-
Notifications
You must be signed in to change notification settings - Fork 341
Description
The documentation for Gemma 3 (https://huggingface.co/google/gemma-3-1b-it for example) use a prompt structure that seems to be at odds with Google's Gemma documentation.
Here is the documentation on Huggingface:
model_id = "google/gemma-3-1b-it"
quantization_config = BitsAndBytesConfig(load_in_8bit=True)
model = Gemma3ForCausalLM.from_pretrained(
model_id, quantization_config=quantization_config
).eval()
tokenizer = AutoTokenizer.from_pretrained(model_id)
messages = [
[
{
"role": "system",
"content": [{"type": "text", "text": "You are a helpful assistant."},]
},
{
"role": "user",
"content": [{"type": "text", "text": "Write a poem on Hugging Face, the company"},]
},
],
]
inputs = tokenizer.apply_chat_template(
messages,
add_generation_prompt=True,
tokenize=True,
return_dict=True,
return_tensors="pt",
).to(model.device).to(torch.bfloat16)
However, from Google's documentation (https://ai.google.dev/gemma/docs/core/prompt-structure):
"""
System instructions
Gemma's instruction-tuned models are designed to work with only two roles: user and model. Therefore, the system role or a system turn is not supported.

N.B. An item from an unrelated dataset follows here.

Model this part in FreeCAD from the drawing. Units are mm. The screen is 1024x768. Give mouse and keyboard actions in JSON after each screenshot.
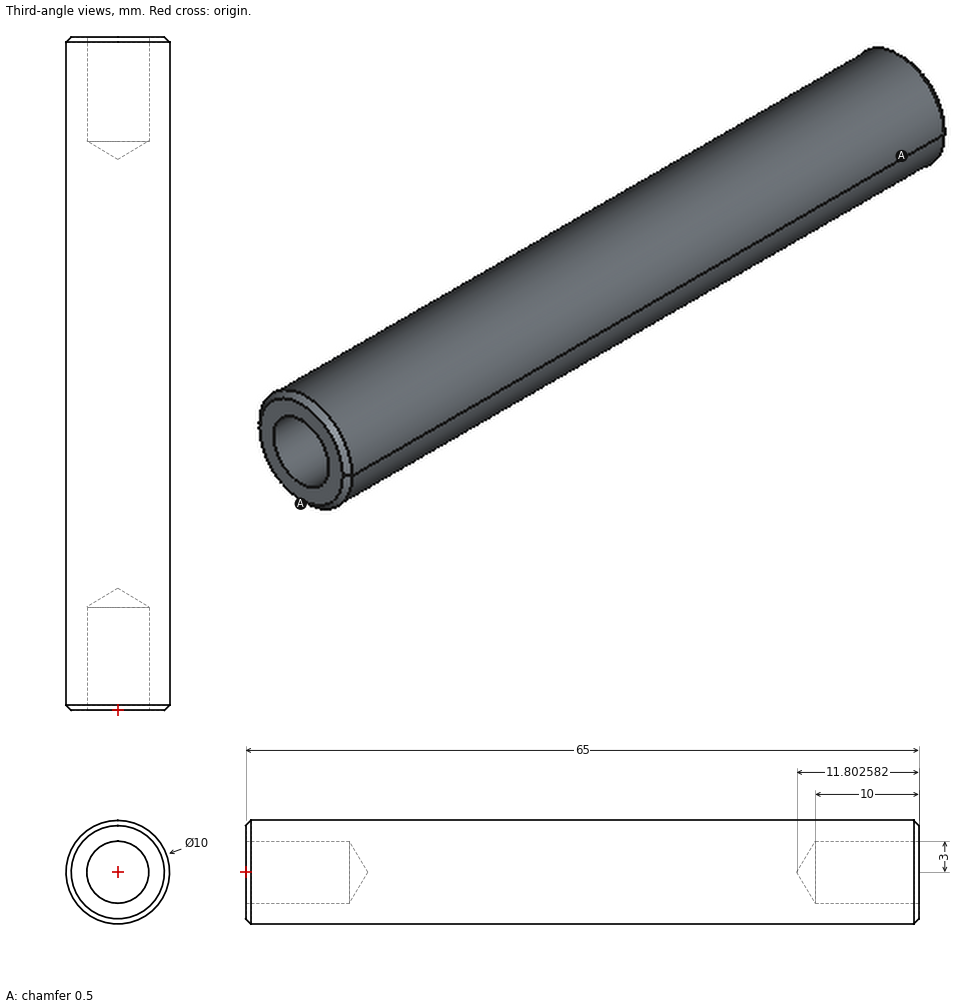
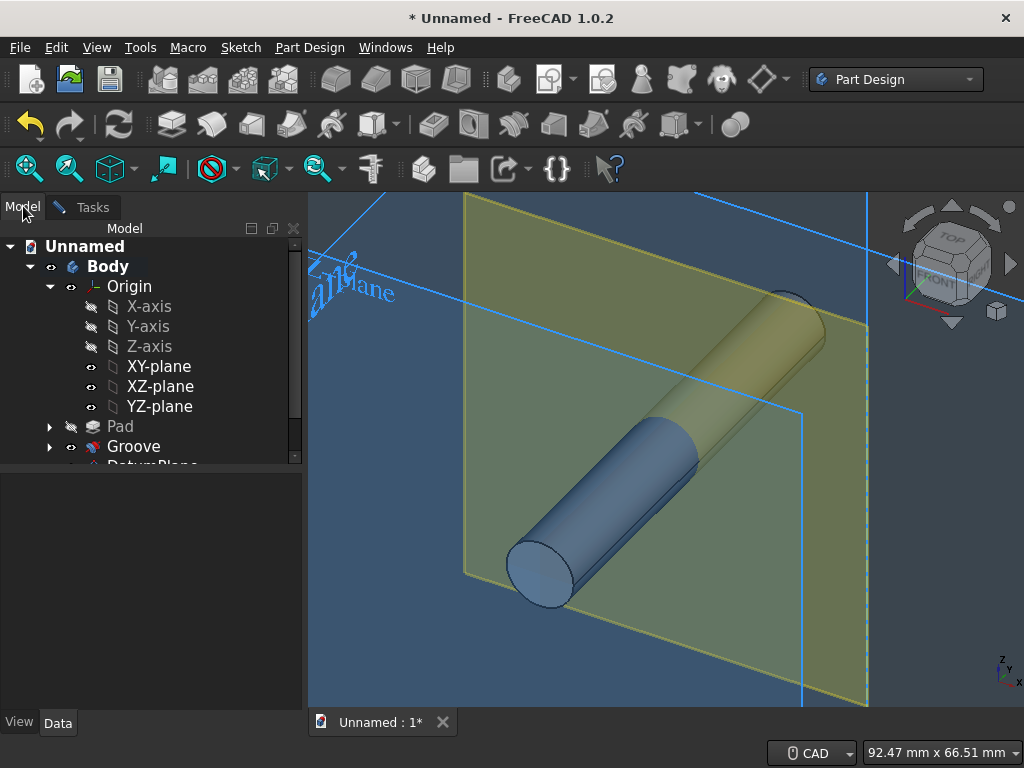
{"action": "scroll", "coordinate": [100, 342], "scroll_direction": "down", "scroll_amount": 3}

Instead of using a separate system role, provide system-level instructions directly within the initial user prompt. The model instruction following capabilities allow Gemma to interpret the instructions effectively. For example:
<start_of_turn>user
Only reply like a pirate.
What is the answer to life the universe and everything?<end_of_turn>
<start_of_turn>model
Arrr, 'tis 42,<end_of_turn>
"""
It appears Gemma model's, at least from Google's documentation (as well as Phil Schmid's blog from DeepMind https://www.philschmid.de/gemma-function-calling), does not use an actual structured system prompt. The system instructions for the instruction tuned models seem to be placed at the beginning of the first user message, in fact the documentation states it doesn't even support at system
role like the HuggingFace documentation is using here.